What steps are needed to resolve the "disk queue length" alarm?
Disk Queue Length alarm
The Disk Queue Length alarm becomes active when the maximum disk queue length of any disk exceeds a threshold.
Sustained high disk queue length is a good indicator that you have a disk subsystem bottleneck and usually means that I/O times will be degraded.
Note that since this is a Windows-based metric, it can be affected by I/O that was done by non-SQL Server processes.
The occurrence of this alarm does not necessarily indicate a problem with SQL Server; however SQL Server (and anything else on the machine that does disk I/O) will feel the impact of slower disk throughput.
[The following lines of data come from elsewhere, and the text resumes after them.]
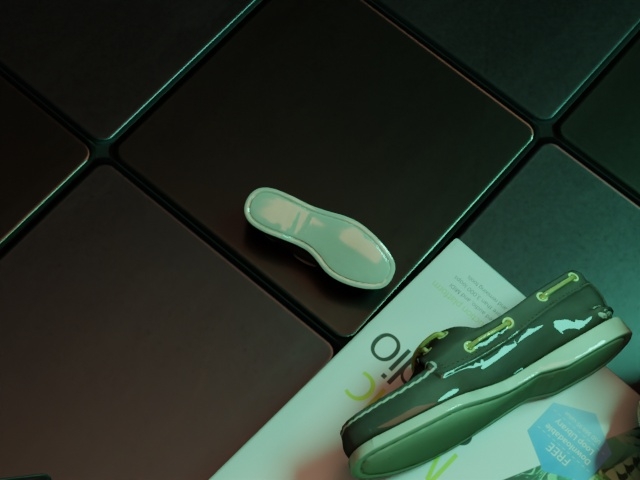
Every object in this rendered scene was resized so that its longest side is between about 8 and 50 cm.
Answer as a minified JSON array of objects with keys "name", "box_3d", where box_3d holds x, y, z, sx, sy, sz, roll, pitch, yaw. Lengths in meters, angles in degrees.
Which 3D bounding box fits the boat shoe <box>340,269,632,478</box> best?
[{"name":"boat shoe","box_3d":[0.105,0.091,1.112,0.228,0.081,0.068,-23,66,-22]}]

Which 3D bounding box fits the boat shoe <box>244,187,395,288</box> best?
[{"name":"boat shoe","box_3d":[0.000,0.000,1.226,0.125,0.038,0.046,24,86,8]}]

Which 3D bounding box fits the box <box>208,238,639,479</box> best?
[{"name":"box","box_3d":[0.073,0.181,1.138,0.232,0.058,0.322,41,70,14]}]

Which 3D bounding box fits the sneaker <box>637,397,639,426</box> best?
[{"name":"sneaker","box_3d":[0.279,0.163,1.083,0.128,0.126,0.321,3,87,-21]}]

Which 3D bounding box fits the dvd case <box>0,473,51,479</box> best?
[{"name":"dvd case","box_3d":[-0.302,0.260,1.098,0.253,0.022,0.180,-6,66,-6]}]
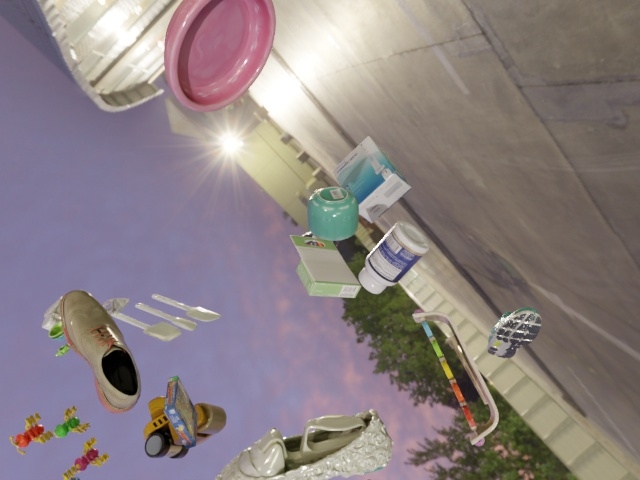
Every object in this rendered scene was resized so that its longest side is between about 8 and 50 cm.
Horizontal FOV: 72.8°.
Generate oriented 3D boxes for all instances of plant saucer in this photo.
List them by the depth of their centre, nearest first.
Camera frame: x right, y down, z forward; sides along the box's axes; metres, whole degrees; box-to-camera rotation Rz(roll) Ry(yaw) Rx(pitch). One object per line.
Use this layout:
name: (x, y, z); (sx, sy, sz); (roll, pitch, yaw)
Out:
plant saucer: (-0.250, -0.475, 1.052); (0.084, 0.332, 0.332); (41, -177, 13)

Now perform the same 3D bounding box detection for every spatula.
spatula: (-0.385, 0.181, 1.056); (0.242, 0.019, 0.168); (12, -158, 31)

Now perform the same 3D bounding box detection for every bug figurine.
bug figurine: (-0.770, 0.635, 1.298); (0.279, 0.072, 0.216); (52, -165, 6)

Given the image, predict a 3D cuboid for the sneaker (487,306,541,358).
sneaker: (0.579, 0.266, 1.333); (0.107, 0.110, 0.275); (14, 147, 4)

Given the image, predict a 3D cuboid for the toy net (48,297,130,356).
toy net: (-0.669, 0.234, 1.261); (0.122, 0.232, 0.045); (41, 161, 56)

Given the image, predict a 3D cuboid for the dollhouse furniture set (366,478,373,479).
dollhouse furniture set: (0.267, 0.819, 1.089); (0.394, 0.256, 0.362); (-4, 127, 38)

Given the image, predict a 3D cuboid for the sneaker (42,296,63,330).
sneaker: (-1.027, 0.304, 1.714); (0.094, 0.080, 0.212); (46, -178, -31)

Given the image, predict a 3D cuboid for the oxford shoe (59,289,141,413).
oxford shoe: (-0.546, 0.261, 1.108); (0.123, 0.130, 0.348); (-26, -102, -47)

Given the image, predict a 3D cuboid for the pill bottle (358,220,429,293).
pill bottle: (0.163, 0.044, 1.001); (0.094, 0.169, 0.094); (26, -147, -18)

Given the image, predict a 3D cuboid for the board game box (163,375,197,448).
board game box: (-0.457, 0.568, 1.437); (0.136, 0.035, 0.201); (-112, 8, -59)

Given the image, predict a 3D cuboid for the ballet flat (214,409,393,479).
ballet flat: (-0.045, 0.454, 0.943); (0.147, 0.409, 0.147); (168, 90, -81)

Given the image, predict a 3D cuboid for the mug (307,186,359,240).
mug: (0.020, -0.080, 1.099); (0.158, 0.129, 0.097); (19, 131, 23)

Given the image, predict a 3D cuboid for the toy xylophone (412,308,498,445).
toy xylophone: (0.326, 0.313, 1.034); (0.236, 0.081, 0.322); (53, -166, -57)

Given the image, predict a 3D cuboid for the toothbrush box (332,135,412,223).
toothbrush box: (0.199, -0.249, 1.749); (0.126, 0.216, 0.295); (32, -157, -38)

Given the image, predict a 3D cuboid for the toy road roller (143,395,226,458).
toy road roller: (-0.591, 0.752, 1.842); (0.240, 0.329, 0.202); (58, 180, 31)

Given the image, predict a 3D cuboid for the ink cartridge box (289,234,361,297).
ink cartridge box: (0.003, 0.080, 1.367); (0.171, 0.056, 0.235); (7, -148, -32)

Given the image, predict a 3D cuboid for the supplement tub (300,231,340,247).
supplement tub: (0.000, 0.000, 1.704); (0.106, 0.198, 0.106); (18, -119, -35)
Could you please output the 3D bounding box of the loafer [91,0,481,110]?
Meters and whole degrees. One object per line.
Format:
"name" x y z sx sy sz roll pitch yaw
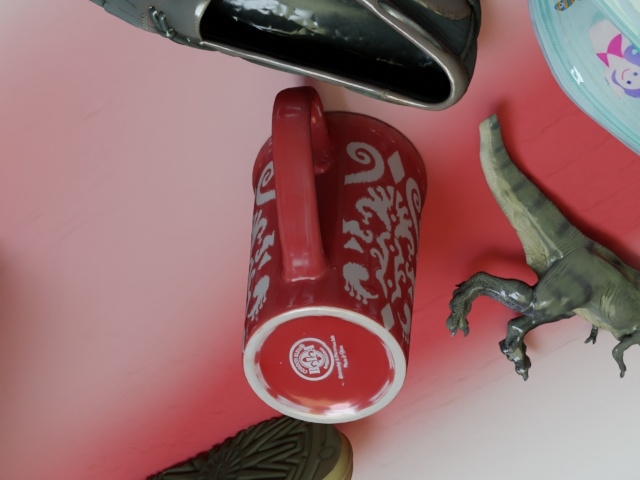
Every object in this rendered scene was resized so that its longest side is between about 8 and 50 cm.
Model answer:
"loafer" -0.038 -0.139 0.644 0.267 0.084 0.096 15 129 -8

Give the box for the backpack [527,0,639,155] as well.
"backpack" 0.198 -0.142 0.527 0.253 0.225 0.191 31 143 -33

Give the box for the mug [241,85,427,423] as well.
"mug" -0.006 0.006 0.708 0.113 0.169 0.150 -34 120 28

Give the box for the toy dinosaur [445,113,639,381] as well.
"toy dinosaur" 0.152 0.034 0.793 0.118 0.064 0.268 -38 116 22

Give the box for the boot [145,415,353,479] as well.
"boot" -0.002 0.266 0.983 0.236 0.089 0.269 -22 125 34
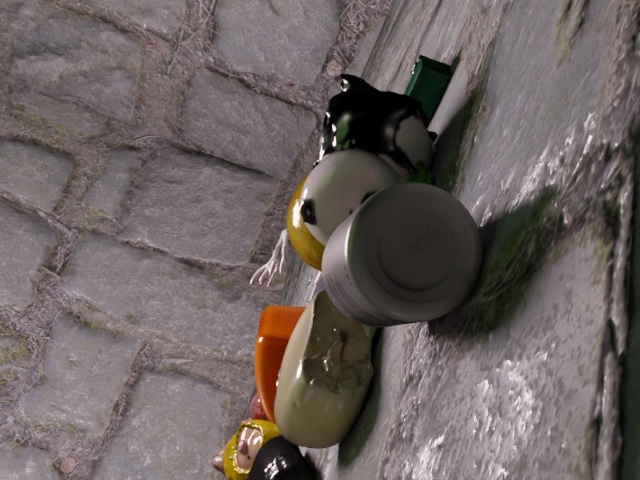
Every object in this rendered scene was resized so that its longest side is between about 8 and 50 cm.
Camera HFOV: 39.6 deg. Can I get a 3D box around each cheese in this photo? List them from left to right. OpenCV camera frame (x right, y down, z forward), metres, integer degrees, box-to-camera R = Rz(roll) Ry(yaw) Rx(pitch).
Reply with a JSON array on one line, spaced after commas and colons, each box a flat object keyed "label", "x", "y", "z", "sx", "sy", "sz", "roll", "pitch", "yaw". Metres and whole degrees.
[{"label": "cheese", "x": 0.013, "y": 0.202, "z": 1.443, "sx": 0.266, "sy": 0.127, "sz": 0.233, "roll": -81, "pitch": 14, "yaw": -51}]

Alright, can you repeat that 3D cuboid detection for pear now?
[{"label": "pear", "x": 0.037, "y": -0.032, "z": 1.667, "sx": 0.209, "sy": 0.209, "sz": 0.209, "roll": -161, "pitch": 90, "yaw": -85}]

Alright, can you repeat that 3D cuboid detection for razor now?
[{"label": "razor", "x": -0.084, "y": 0.458, "z": 1.623, "sx": 0.327, "sy": 0.107, "sz": 0.189, "roll": 157, "pitch": 133, "yaw": -84}]

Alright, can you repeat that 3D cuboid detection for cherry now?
[{"label": "cherry", "x": -0.162, "y": 0.492, "z": 2.417, "sx": 0.107, "sy": 0.090, "sz": 0.225, "roll": -89, "pitch": 19, "yaw": -67}]

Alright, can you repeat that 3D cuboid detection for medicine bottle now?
[{"label": "medicine bottle", "x": 0.087, "y": 0.028, "z": 1.107, "sx": 0.288, "sy": 0.157, "sz": 0.157, "roll": 136, "pitch": 153, "yaw": -80}]

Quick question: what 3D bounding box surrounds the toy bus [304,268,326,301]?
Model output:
[{"label": "toy bus", "x": 0.016, "y": 0.072, "z": 2.245, "sx": 0.075, "sy": 0.064, "sz": 0.190, "roll": -166, "pitch": 95, "yaw": -79}]

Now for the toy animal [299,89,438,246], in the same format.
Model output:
[{"label": "toy animal", "x": 0.084, "y": -0.104, "z": 1.461, "sx": 0.212, "sy": 0.212, "sz": 0.267, "roll": 122, "pitch": 162, "yaw": -68}]

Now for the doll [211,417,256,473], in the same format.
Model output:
[{"label": "doll", "x": -0.202, "y": 0.595, "z": 2.168, "sx": 0.201, "sy": 0.156, "sz": 0.303, "roll": -159, "pitch": 83, "yaw": -74}]

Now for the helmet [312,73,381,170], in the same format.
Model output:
[{"label": "helmet", "x": 0.092, "y": -0.217, "z": 1.863, "sx": 0.305, "sy": 0.177, "sz": 0.225, "roll": -68, "pitch": -8, "yaw": -58}]

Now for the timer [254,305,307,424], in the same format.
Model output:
[{"label": "timer", "x": -0.077, "y": 0.308, "z": 2.154, "sx": 0.257, "sy": 0.161, "sz": 0.250, "roll": -91, "pitch": 5, "yaw": -74}]

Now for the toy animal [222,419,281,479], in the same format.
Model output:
[{"label": "toy animal", "x": -0.140, "y": 0.483, "z": 1.981, "sx": 0.230, "sy": 0.156, "sz": 0.156, "roll": -36, "pitch": 32, "yaw": 54}]

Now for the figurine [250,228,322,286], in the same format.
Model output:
[{"label": "figurine", "x": -0.011, "y": -0.009, "z": 2.067, "sx": 0.316, "sy": 0.206, "sz": 0.284, "roll": 121, "pitch": 169, "yaw": -60}]

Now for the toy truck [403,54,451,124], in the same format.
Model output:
[{"label": "toy truck", "x": 0.187, "y": -0.271, "z": 1.668, "sx": 0.079, "sy": 0.065, "sz": 0.147, "roll": -83, "pitch": 14, "yaw": -53}]
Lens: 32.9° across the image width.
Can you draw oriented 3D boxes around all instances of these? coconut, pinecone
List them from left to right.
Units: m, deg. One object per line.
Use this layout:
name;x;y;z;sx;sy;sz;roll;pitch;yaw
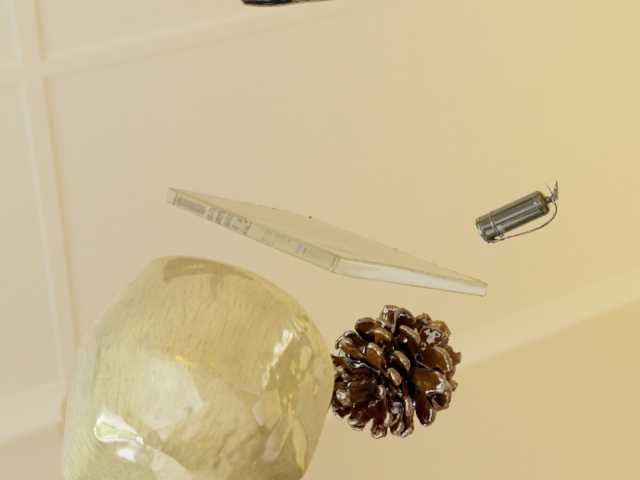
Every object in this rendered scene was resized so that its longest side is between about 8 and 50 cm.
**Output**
coconut;-0.093;0.119;0.816;0.224;0.224;0.224;-21;-41;-19
pinecone;0.096;0.182;1.472;0.195;0.150;0.179;-14;-79;-29

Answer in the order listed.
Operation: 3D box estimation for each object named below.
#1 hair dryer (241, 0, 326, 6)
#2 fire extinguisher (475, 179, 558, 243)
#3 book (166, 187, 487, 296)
hair dryer;-0.067;-0.384;0.906;0.303;0.120;0.359;13;-73;4
fire extinguisher;0.185;-0.023;0.990;0.083;0.038;0.025;-27;-16;24
book;0.000;0.000;1.169;0.217;0.310;0.021;10;-82;-40
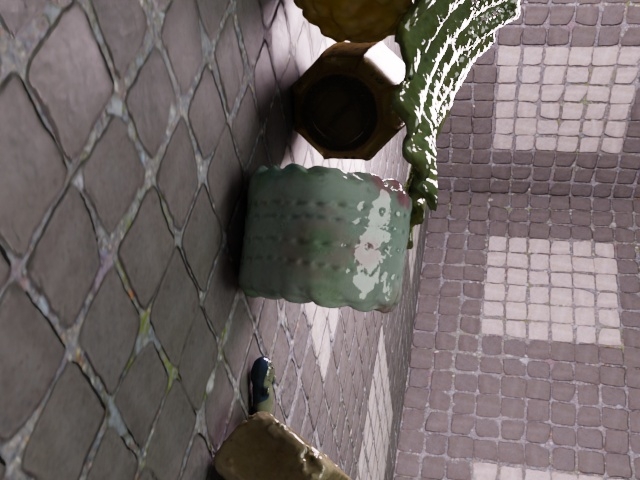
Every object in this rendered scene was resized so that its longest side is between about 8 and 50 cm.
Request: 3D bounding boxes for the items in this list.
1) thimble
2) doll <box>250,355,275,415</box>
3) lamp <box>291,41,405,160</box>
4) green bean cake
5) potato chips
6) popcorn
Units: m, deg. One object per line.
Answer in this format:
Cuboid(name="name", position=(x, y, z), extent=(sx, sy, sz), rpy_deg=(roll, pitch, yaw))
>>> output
Cuboid(name="thimble", position=(0.000, 0.000, 0.854), extent=(0.211, 0.185, 0.149), rpy_deg=(179, -82, -68))
Cuboid(name="doll", position=(-0.069, 0.199, 0.916), extent=(0.037, 0.027, 0.125), rpy_deg=(-50, 142, -70))
Cuboid(name="lamp", position=(0.047, -0.195, 1.046), extent=(0.185, 0.161, 0.161), rpy_deg=(-61, 152, -65))
Cuboid(name="green bean cake", position=(-0.037, 0.259, 0.845), extent=(0.085, 0.109, 0.179), rpy_deg=(-50, 156, -11))
Cuboid(name="potato chips", position=(0.166, -0.199, 0.971), extent=(0.373, 0.097, 0.389), rpy_deg=(74, 37, -69))
Cuboid(name="popcorn", position=(0.051, -0.375, 0.942), extent=(0.250, 0.190, 0.250), rpy_deg=(-3, 90, -77))
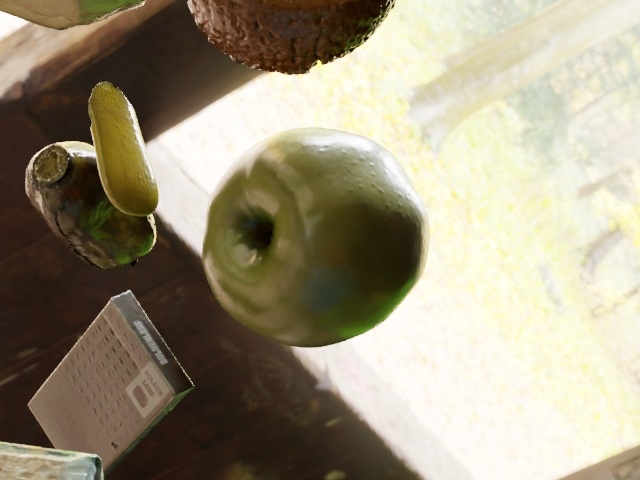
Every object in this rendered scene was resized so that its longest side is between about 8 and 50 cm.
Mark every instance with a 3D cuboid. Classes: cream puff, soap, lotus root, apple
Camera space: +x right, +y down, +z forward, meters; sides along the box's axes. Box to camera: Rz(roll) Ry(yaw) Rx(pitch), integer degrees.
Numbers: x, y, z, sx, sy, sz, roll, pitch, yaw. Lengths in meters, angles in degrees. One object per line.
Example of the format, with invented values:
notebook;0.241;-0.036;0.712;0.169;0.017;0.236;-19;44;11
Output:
cream puff;-0.040;-0.360;1.364;0.212;0.303;0.303;111;-42;-69
soap;-0.241;-0.109;1.226;0.089;0.033;0.168;10;62;-58
lotus root;-0.377;-0.062;1.648;0.152;0.160;0.275;56;-3;32
apple;0.000;0.000;1.573;0.357;0.357;0.357;53;19;-27

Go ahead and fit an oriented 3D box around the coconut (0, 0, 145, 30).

When this alarm is current, you should look at:
The SQL I/O Activity page on the SQL Activity drilldown to see if SQL Server is generating high amounts of disk activity. The Physical I/O chart on this page shows the rate (I/O per second) for each type of I/O that SQL Server is doing. If SQL Server is not generating a lot of I/O activity, then it is most likely being caused by some other Windows process, or by Windows itself.
In Spotlight on Windows Enterprise, the Logical Disk Activity tab on the Disks drilldown to see which disk(s) are being hit the hardest. This and the list of disks that contain SQL Server databases (from the Databases grid on the Databases drilldown) may help to determine if SQL Server is generating the I/O.
The Sessions page on the SQL Activity drilldown to see which SQL Server processes are executing at the time, and the SQL currently being executed.
Consider moving database files to faster disks. If you are not using hardware RAID, consider purchasing a RAID subsystem. If you are using RAID-5 for write-intensive files (such as Database Logs or heavily updated database files), consider moving to a faster RAID implementation (RAID-0 or RAID-10).
In some cases, you can speed up all disk I/O by reviewing the RAID options on your RAID controllers. One example is to enable disk write caching, as long as your disk subsystem is protected by battery backups or UPS.
If the Checkpoint process is generating lots of I/O (see the Checkpoint statistic on the SQL Physical I/O chart of the SQL I/O Activity page), review your Recovery Interval setting in the Configuration drilldown.